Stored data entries
##############################
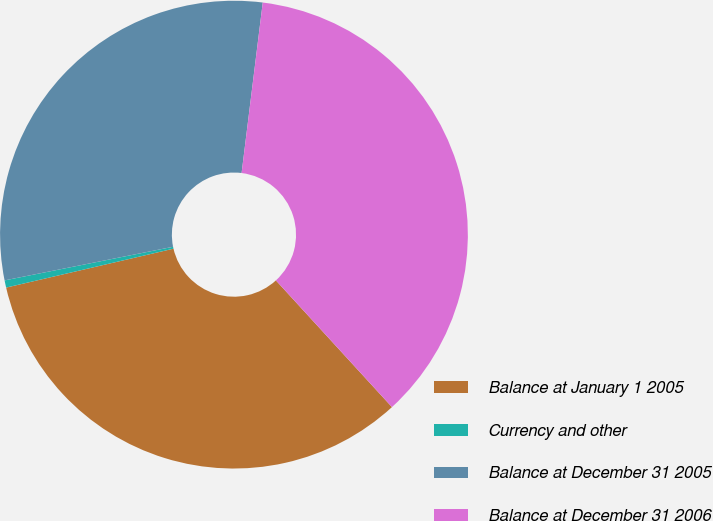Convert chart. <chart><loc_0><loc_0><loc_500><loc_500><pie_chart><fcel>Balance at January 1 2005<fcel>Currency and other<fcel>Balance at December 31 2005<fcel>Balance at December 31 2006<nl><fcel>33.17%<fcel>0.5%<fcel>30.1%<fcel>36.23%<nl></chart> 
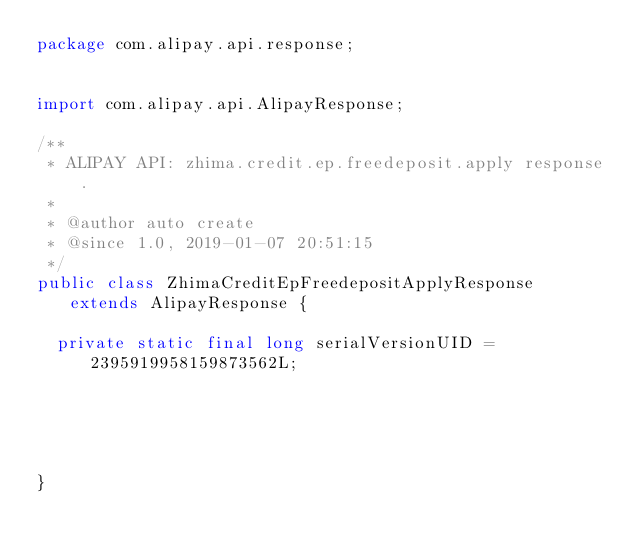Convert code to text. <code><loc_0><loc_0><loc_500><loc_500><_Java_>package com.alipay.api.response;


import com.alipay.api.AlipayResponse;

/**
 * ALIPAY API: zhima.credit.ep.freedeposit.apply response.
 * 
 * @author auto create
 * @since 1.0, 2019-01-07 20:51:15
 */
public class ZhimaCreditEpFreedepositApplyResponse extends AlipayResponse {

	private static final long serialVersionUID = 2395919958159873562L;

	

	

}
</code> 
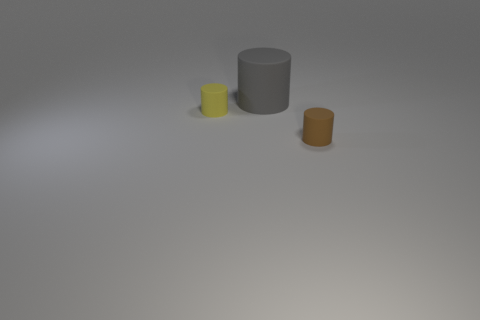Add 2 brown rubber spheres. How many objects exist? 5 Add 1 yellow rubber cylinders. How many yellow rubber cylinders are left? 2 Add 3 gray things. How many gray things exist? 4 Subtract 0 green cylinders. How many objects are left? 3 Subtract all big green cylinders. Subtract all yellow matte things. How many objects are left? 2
##############################
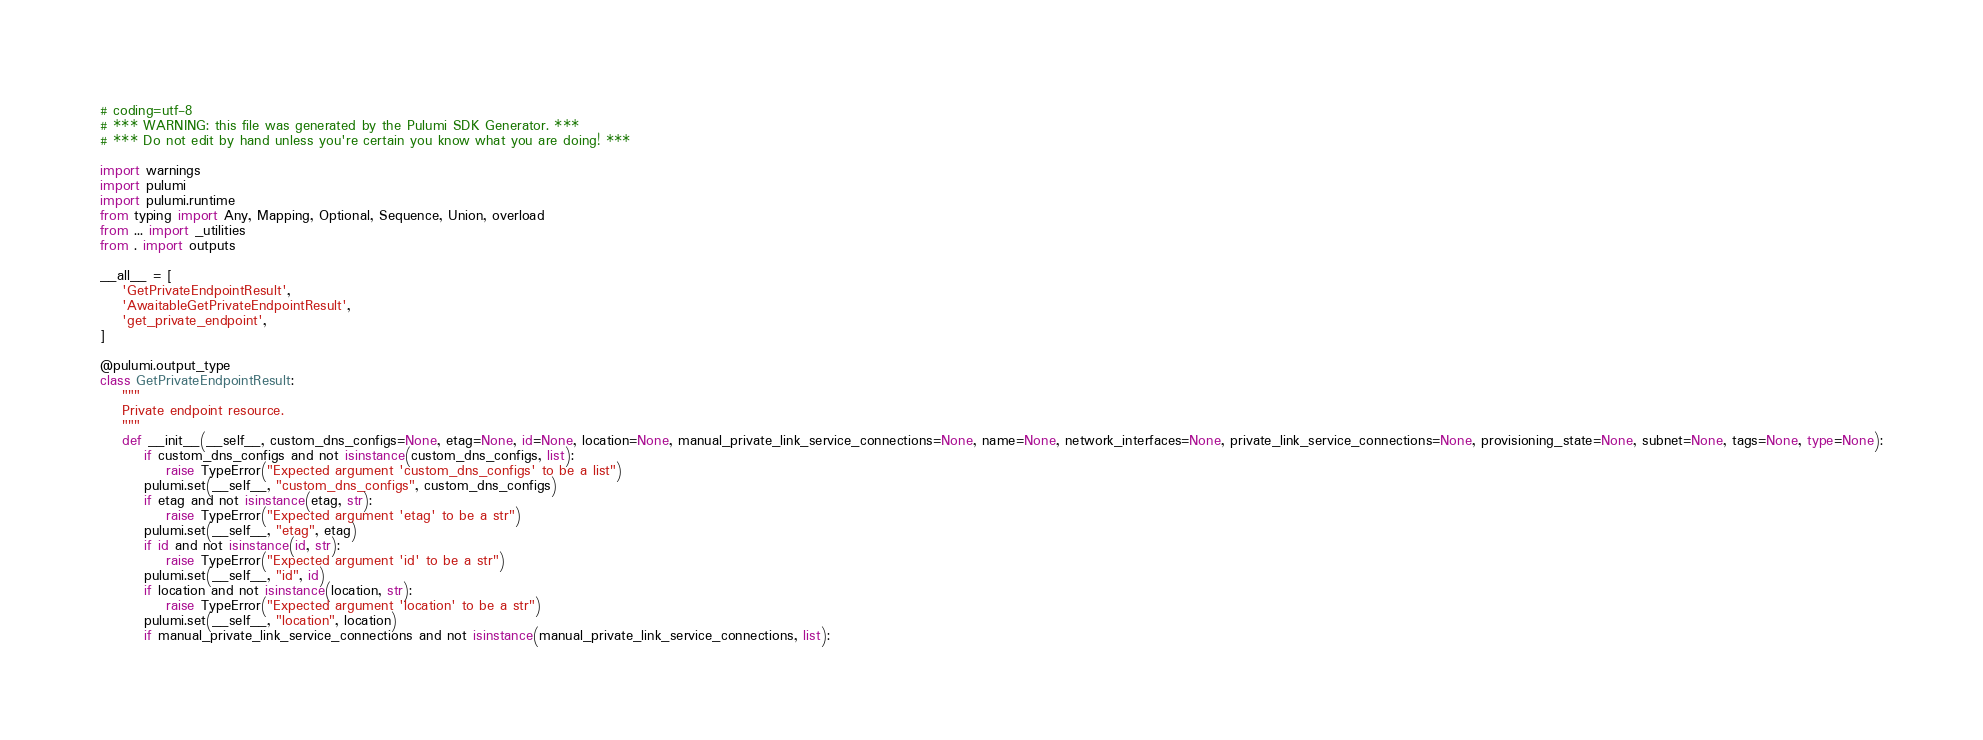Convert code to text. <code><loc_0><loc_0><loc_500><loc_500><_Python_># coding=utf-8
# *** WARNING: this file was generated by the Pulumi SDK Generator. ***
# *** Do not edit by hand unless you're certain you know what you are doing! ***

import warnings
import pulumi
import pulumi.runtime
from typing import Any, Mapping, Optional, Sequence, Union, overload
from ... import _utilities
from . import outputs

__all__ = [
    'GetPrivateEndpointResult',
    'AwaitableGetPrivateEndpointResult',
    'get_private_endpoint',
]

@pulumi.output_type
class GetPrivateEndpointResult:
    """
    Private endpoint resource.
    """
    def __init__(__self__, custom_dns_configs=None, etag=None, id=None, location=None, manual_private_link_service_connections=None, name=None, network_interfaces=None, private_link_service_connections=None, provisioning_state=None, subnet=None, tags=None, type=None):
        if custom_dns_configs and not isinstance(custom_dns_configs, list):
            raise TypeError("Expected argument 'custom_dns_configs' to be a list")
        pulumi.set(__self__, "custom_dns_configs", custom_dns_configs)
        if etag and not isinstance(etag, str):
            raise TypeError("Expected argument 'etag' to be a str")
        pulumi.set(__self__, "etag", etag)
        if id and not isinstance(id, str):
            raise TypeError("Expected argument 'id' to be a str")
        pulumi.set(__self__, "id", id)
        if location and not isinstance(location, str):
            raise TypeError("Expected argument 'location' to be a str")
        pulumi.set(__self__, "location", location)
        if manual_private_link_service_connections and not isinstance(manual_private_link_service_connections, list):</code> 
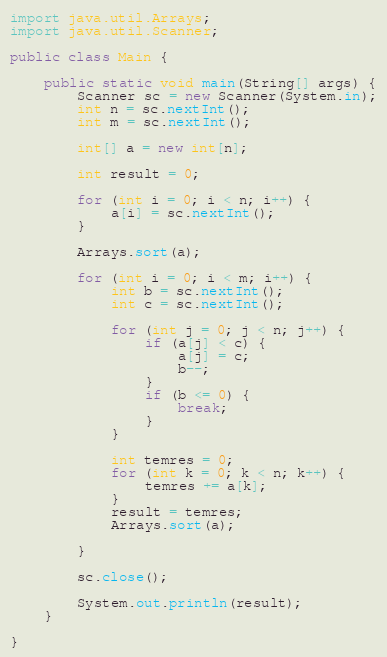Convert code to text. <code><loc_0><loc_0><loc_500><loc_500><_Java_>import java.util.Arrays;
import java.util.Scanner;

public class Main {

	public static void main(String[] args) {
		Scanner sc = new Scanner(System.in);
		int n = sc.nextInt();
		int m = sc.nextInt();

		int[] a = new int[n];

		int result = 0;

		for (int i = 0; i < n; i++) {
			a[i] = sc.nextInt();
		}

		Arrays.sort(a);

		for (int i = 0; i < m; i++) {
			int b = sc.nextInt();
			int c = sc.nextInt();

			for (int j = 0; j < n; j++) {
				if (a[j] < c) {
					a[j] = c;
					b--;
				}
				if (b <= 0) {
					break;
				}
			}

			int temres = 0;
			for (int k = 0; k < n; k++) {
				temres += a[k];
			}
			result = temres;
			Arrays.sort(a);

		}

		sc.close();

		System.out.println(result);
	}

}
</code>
##############################
_Work to be completed_
Give again exactly, and only, the lines above starting at the one with "import warnings" and ending at the one with "argument 'custom_dns_configs' to".

_Answer to this exercise_
import warnings
import pulumi
import pulumi.runtime
from typing import Any, Mapping, Optional, Sequence, Union, overload
from ... import _utilities
from . import outputs

__all__ = [
    'GetPrivateEndpointResult',
    'AwaitableGetPrivateEndpointResult',
    'get_private_endpoint',
]

@pulumi.output_type
class GetPrivateEndpointResult:
    """
    Private endpoint resource.
    """
    def __init__(__self__, custom_dns_configs=None, etag=None, id=None, location=None, manual_private_link_service_connections=None, name=None, network_interfaces=None, private_link_service_connections=None, provisioning_state=None, subnet=None, tags=None, type=None):
        if custom_dns_configs and not isinstance(custom_dns_configs, list):
            raise TypeError("Expected argument 'custom_dns_configs' to be a list")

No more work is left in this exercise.